● Work item
Each line of the data below containing "degrees" needs to be listed.
++++++++++
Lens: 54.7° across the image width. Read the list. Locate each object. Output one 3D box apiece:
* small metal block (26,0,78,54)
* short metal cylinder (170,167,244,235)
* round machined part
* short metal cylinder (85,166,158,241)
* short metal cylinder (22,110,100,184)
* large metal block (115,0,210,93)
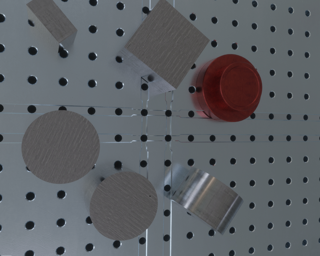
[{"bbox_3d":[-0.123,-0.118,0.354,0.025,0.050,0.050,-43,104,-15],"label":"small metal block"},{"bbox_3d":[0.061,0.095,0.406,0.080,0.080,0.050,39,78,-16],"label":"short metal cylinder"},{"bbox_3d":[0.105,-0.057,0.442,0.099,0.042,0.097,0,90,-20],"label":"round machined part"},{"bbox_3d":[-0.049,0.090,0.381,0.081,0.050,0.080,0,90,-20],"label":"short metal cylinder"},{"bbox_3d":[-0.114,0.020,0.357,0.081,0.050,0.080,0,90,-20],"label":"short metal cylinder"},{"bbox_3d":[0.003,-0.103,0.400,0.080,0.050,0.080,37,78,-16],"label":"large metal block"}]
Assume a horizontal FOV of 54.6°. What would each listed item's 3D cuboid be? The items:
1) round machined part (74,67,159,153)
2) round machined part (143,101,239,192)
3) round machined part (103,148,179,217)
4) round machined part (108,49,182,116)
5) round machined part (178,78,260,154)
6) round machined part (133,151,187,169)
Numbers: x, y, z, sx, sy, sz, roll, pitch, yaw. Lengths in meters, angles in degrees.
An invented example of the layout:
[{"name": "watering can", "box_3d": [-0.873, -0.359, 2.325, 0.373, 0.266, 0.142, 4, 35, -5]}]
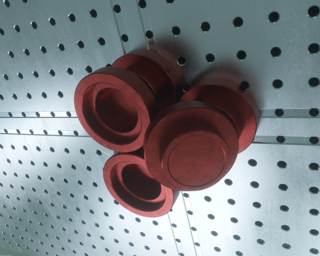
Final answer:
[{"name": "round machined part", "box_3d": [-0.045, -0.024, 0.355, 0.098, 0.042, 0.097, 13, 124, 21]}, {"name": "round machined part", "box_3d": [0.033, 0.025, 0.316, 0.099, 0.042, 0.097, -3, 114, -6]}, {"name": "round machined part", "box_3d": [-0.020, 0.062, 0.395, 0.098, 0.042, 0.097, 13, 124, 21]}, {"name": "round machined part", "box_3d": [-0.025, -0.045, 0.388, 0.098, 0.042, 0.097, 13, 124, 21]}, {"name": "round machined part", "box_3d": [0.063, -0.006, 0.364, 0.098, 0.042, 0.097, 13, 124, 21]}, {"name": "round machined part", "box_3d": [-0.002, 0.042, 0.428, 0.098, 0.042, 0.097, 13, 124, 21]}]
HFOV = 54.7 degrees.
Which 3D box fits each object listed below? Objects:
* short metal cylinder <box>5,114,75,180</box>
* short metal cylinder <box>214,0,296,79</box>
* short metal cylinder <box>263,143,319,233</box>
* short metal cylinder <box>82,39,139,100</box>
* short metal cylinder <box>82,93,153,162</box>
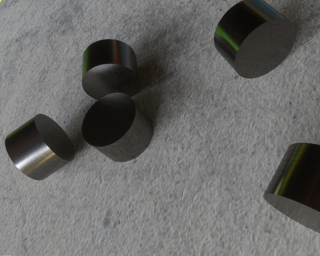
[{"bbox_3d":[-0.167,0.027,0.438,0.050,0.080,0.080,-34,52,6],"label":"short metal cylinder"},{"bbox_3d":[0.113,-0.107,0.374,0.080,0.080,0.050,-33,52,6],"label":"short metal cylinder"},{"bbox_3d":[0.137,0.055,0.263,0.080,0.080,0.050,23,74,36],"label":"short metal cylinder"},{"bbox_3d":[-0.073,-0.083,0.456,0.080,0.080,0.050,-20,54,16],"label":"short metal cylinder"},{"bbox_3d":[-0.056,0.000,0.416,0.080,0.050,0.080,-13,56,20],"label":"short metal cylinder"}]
++++++++++
● Expected answer
Numbers: x, y, z, sx, sy, sz, roll, pitch, yaw. Lengths in meters, angles in degrees.
HFOV = 54.7 degrees.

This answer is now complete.